Data for review:
═══
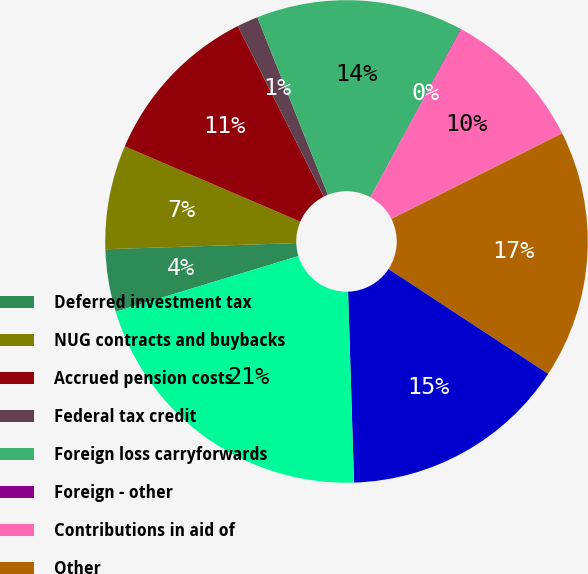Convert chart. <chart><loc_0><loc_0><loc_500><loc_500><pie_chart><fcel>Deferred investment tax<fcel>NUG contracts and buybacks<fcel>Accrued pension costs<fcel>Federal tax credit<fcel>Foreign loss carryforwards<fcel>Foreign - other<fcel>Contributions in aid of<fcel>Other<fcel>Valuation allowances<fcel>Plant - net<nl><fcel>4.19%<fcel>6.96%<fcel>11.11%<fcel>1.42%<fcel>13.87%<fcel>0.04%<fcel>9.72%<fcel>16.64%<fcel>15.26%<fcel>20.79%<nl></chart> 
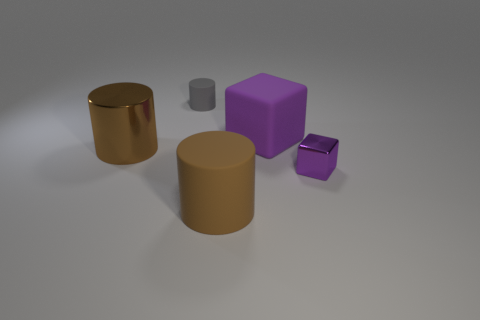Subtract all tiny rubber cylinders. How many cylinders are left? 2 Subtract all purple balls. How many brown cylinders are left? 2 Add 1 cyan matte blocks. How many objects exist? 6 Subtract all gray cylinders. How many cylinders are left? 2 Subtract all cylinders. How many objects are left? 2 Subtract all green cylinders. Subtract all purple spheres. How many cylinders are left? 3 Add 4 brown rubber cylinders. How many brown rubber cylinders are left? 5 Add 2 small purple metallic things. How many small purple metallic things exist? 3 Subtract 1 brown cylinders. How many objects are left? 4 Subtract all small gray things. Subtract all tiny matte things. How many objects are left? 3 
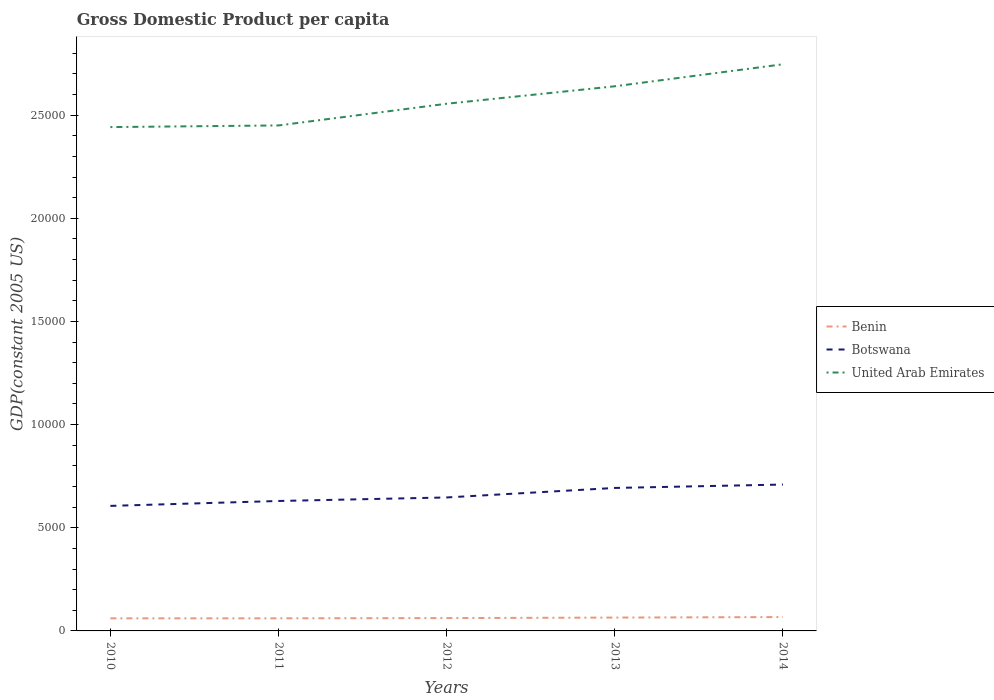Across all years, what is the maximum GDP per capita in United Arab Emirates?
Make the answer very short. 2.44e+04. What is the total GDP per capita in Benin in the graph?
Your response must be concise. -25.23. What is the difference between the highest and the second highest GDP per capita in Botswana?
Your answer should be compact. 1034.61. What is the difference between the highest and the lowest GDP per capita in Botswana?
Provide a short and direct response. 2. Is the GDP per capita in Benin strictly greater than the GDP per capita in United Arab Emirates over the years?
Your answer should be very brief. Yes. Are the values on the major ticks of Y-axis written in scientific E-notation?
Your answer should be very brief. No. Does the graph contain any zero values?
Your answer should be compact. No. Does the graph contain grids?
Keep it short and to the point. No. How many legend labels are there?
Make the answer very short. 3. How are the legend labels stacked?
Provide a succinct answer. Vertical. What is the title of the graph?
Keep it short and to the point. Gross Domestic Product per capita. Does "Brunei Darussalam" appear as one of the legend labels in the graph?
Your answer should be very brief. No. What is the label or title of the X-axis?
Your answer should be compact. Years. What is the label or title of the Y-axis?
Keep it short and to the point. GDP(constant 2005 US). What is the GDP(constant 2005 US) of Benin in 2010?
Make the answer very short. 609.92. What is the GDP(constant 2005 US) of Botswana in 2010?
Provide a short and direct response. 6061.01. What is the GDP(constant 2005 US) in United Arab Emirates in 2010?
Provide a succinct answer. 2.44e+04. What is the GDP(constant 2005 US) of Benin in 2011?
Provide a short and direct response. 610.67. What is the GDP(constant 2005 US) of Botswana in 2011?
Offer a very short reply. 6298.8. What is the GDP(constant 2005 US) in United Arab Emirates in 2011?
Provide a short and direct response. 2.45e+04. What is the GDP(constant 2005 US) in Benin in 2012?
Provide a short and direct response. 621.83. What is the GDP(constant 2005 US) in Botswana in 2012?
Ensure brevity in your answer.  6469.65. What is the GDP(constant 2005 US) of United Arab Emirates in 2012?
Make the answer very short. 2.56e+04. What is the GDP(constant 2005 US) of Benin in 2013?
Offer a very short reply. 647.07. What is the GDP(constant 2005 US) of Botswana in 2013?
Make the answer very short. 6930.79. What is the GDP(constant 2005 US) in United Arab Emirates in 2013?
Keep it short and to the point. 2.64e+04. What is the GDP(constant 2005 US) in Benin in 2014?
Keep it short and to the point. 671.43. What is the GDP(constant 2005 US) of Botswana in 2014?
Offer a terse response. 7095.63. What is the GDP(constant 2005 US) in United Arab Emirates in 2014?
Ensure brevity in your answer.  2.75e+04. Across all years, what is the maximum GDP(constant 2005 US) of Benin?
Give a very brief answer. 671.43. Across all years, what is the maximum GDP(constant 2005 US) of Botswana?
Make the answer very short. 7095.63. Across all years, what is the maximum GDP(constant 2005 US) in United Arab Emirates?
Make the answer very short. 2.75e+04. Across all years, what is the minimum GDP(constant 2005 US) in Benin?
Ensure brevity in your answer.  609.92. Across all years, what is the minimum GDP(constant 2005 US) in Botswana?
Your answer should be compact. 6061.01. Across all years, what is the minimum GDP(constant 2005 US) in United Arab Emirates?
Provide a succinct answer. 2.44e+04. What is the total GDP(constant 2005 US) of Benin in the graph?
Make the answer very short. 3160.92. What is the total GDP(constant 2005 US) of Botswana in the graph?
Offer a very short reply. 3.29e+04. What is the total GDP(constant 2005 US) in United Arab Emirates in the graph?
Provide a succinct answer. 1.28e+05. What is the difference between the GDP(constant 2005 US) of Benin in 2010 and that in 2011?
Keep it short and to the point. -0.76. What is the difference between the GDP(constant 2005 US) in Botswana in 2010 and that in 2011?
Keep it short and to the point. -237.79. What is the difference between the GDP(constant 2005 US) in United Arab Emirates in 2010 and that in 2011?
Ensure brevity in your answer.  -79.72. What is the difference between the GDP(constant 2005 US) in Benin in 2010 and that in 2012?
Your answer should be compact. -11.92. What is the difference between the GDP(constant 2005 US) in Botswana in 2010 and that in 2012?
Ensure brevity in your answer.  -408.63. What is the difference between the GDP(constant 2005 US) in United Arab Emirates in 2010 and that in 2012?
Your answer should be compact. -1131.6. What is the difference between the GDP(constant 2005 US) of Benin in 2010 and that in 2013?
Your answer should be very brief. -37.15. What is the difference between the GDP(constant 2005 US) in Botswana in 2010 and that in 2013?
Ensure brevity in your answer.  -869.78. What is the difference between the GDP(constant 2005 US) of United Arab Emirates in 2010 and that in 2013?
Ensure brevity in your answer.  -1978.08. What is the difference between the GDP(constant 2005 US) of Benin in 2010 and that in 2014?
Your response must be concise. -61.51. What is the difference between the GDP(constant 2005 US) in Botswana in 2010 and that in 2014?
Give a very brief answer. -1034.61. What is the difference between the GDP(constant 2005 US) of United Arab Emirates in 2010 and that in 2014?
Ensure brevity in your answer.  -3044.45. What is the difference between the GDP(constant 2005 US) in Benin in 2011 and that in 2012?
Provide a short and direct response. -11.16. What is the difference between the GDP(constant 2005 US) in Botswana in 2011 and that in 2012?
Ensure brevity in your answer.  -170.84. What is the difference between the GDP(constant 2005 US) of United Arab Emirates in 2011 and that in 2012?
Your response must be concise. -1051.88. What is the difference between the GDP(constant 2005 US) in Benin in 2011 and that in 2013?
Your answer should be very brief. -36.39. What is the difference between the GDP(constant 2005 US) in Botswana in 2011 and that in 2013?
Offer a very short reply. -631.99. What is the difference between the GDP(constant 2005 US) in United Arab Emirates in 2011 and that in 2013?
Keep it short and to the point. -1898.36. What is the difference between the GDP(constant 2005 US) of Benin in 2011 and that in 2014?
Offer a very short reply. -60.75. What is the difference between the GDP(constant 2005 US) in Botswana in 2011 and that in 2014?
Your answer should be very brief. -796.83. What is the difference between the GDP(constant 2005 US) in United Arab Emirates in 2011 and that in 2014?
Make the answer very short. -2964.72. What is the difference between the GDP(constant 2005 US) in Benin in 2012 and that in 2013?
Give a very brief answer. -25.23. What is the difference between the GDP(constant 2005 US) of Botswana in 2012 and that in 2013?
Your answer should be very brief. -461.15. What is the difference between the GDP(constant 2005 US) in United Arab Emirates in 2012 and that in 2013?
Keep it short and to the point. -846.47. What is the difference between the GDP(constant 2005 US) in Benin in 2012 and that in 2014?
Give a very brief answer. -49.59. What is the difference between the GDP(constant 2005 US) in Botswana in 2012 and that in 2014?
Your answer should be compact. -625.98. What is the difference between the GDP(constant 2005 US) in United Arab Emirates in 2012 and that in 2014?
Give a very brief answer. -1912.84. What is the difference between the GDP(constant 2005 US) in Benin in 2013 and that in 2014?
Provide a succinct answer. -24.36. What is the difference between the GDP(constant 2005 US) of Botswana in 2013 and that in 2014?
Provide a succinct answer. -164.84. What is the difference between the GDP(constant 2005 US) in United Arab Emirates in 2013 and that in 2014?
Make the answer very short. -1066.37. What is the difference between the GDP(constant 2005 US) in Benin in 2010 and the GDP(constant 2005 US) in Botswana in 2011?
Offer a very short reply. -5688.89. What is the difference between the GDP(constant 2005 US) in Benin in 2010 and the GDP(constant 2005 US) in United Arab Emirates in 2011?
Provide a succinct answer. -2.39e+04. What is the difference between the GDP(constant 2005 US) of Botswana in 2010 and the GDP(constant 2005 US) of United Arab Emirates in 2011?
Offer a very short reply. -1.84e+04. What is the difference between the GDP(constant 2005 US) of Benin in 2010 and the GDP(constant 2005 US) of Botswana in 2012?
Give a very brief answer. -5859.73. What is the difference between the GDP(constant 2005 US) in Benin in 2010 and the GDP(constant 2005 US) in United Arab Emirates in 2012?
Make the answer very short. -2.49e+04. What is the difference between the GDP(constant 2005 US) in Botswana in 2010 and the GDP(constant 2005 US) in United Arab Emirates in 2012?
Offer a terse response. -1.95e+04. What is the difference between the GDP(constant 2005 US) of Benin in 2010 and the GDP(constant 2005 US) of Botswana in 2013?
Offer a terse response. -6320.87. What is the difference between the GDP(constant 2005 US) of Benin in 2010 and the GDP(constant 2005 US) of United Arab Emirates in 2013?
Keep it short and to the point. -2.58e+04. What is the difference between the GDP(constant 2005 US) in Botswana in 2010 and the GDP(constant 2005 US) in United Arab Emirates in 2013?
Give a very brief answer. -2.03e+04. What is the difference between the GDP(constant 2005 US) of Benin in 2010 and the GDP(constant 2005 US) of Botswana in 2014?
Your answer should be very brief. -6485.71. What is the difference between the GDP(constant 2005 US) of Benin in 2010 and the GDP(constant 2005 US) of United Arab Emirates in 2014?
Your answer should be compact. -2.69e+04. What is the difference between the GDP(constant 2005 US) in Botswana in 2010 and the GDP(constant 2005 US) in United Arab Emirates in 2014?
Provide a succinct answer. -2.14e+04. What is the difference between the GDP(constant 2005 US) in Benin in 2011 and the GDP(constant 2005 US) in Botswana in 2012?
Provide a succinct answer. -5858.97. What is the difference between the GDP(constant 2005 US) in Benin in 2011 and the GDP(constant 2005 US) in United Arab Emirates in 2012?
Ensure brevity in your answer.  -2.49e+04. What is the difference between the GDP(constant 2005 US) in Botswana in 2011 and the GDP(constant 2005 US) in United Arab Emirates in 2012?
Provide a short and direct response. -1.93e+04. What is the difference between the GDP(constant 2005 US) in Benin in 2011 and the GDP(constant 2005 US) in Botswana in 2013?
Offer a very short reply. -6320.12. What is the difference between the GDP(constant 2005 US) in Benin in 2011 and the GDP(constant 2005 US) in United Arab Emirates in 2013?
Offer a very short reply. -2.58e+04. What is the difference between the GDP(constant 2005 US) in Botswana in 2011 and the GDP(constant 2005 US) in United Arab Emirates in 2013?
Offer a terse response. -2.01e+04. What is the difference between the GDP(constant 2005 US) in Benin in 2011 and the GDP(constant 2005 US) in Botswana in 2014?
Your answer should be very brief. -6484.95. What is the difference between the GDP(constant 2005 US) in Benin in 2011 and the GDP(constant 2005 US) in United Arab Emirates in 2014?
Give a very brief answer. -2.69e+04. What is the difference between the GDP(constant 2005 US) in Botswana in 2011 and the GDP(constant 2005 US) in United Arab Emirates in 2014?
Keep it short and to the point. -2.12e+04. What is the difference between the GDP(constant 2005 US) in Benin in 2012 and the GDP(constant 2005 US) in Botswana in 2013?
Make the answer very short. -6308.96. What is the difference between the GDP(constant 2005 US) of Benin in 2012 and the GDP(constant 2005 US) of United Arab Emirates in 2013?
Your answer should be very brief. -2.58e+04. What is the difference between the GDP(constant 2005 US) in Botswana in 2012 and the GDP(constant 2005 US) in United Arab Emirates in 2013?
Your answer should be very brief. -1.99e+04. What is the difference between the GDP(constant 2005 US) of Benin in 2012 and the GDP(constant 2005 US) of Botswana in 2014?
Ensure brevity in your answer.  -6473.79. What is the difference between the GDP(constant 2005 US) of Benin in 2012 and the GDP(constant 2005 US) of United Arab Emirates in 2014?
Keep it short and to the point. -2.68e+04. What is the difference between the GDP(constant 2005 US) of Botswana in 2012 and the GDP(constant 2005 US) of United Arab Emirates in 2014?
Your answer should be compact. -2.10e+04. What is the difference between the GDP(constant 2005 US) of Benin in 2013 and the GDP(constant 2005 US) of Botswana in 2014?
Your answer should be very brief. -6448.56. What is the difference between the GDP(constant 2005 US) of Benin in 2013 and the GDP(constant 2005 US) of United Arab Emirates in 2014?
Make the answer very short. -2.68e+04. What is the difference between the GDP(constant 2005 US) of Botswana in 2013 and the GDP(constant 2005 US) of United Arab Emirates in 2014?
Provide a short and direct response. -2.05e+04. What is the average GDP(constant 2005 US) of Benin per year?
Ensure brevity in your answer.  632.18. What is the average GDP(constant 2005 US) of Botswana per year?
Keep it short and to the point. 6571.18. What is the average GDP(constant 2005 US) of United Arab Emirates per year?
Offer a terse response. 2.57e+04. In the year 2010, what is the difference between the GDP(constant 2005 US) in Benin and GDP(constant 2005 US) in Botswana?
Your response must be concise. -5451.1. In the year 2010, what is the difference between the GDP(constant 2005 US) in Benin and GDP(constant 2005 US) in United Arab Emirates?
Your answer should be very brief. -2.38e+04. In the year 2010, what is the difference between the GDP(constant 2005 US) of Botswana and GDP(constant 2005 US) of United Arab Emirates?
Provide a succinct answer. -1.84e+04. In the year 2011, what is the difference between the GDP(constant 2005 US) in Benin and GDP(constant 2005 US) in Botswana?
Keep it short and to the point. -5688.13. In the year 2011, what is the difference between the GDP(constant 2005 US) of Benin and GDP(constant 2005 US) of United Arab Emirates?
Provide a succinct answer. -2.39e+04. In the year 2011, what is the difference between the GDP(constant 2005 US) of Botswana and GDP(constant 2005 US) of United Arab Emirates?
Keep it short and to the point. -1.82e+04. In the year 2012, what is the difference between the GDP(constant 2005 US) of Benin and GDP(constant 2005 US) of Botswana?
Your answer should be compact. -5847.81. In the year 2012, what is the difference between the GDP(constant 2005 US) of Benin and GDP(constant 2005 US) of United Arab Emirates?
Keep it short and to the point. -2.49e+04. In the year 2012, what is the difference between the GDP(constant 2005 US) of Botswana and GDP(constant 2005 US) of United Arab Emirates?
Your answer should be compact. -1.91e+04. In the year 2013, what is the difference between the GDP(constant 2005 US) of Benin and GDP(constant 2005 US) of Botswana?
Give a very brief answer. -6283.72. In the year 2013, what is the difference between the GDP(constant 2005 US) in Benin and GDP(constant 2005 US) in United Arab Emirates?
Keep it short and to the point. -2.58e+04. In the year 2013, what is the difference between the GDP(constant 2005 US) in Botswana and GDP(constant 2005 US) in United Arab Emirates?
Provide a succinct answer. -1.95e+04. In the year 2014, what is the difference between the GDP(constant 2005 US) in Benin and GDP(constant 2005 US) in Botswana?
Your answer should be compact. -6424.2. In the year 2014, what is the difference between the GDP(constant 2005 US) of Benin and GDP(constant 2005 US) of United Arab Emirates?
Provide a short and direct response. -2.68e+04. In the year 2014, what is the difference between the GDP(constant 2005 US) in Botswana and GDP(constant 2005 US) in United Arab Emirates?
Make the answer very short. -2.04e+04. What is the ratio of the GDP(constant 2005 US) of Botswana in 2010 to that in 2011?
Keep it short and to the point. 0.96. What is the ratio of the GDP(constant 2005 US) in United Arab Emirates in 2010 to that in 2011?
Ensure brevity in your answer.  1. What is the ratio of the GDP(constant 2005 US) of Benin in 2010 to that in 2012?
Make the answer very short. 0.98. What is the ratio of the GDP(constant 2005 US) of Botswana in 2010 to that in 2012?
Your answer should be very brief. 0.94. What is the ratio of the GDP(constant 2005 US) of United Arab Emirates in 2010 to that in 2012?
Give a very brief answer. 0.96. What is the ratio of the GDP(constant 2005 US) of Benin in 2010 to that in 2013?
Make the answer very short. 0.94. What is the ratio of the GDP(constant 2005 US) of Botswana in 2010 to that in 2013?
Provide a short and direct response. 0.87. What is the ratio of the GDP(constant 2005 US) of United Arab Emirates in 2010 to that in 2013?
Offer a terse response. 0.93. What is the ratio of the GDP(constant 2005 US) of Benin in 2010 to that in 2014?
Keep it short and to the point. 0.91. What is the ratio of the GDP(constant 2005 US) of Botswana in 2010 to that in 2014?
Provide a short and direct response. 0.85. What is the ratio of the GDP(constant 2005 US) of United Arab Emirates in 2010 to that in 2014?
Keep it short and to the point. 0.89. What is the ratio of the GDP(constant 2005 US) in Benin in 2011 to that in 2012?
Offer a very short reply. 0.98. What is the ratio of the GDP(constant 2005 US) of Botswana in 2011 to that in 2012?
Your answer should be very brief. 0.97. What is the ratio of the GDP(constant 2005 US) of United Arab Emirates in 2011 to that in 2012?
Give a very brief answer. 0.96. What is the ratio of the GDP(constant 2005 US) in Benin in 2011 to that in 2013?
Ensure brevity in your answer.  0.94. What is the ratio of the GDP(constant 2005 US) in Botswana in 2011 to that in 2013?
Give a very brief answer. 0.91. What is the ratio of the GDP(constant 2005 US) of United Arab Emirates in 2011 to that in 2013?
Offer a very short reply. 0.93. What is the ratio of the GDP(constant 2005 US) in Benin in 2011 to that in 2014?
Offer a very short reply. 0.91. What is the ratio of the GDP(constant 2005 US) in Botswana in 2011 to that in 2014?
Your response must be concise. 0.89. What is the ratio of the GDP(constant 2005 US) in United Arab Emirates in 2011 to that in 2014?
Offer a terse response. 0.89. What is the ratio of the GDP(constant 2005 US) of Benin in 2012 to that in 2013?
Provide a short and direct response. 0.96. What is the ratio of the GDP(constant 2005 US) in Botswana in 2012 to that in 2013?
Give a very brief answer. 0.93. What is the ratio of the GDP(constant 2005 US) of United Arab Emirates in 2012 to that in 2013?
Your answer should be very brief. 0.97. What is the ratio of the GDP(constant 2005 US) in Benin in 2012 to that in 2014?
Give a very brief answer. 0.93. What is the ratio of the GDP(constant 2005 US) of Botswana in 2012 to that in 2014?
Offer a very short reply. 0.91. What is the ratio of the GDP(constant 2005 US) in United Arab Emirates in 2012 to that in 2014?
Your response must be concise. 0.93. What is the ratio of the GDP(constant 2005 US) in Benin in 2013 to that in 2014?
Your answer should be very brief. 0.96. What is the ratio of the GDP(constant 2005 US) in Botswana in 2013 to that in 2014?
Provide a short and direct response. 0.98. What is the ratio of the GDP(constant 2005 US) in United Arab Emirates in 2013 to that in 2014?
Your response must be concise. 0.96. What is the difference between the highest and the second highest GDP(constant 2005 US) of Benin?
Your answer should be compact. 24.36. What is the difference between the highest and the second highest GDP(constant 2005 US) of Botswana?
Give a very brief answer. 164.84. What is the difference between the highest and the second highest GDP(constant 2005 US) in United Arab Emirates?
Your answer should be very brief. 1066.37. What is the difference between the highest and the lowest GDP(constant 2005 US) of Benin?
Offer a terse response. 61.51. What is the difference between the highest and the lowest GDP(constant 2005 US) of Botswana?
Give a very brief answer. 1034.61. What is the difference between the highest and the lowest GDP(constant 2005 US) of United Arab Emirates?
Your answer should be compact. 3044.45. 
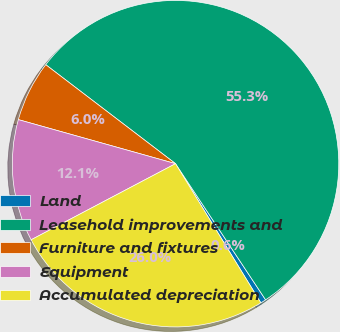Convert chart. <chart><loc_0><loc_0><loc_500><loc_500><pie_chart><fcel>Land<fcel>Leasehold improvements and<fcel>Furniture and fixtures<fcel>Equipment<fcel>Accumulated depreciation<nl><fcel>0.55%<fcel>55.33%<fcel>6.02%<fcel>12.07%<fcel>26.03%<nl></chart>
═══
Exercise details: Make an exact copy of the records from their first line through the line containing "Make the answer very short. 2.44e+04.", both ends included, with the pictures omitted.

Result of the exercise:
Convert chart. <chart><loc_0><loc_0><loc_500><loc_500><pie_chart><fcel>Deferred investment tax<fcel>NUG contracts and buybacks<fcel>Accrued pension costs<fcel>Federal tax credit<fcel>Foreign loss carryforwards<fcel>Foreign - other<fcel>Contributions in aid of<fcel>Other<fcel>Valuation allowances<fcel>Plant - net<nl><fcel>4.19%<fcel>6.96%<fcel>11.11%<fcel>1.42%<fcel>13.87%<fcel>0.04%<fcel>9.72%<fcel>16.64%<fcel>15.26%<fcel>20.79%<nl></chart> 
Subtract all tiny rubber cylinders. How many cylinders are left? 2 Subtract all purple balls. How many brown cylinders are left? 2 Add 1 cyan matte blocks. How many objects exist? 6 Subtract all gray cylinders. How many cylinders are left? 2 Subtract all cylinders. How many objects are left? 2 Subtract all green cylinders. Subtract all purple spheres. How many cylinders are left? 3 Add 4 brown rubber cylinders. How many brown rubber cylinders are left? 5 Add 2 small purple metallic things. How many small purple metallic things exist? 3 Subtract 1 brown cylinders. How many objects are left? 4 Subtract all small gray things. Subtract all tiny matte things. How many objects are left? 3 
Across all years, what is the maximum GDP per capita in United Arab Emirates?
Make the answer very short. 2.44e+04. What is the total GDP per capita in Benin in the graph?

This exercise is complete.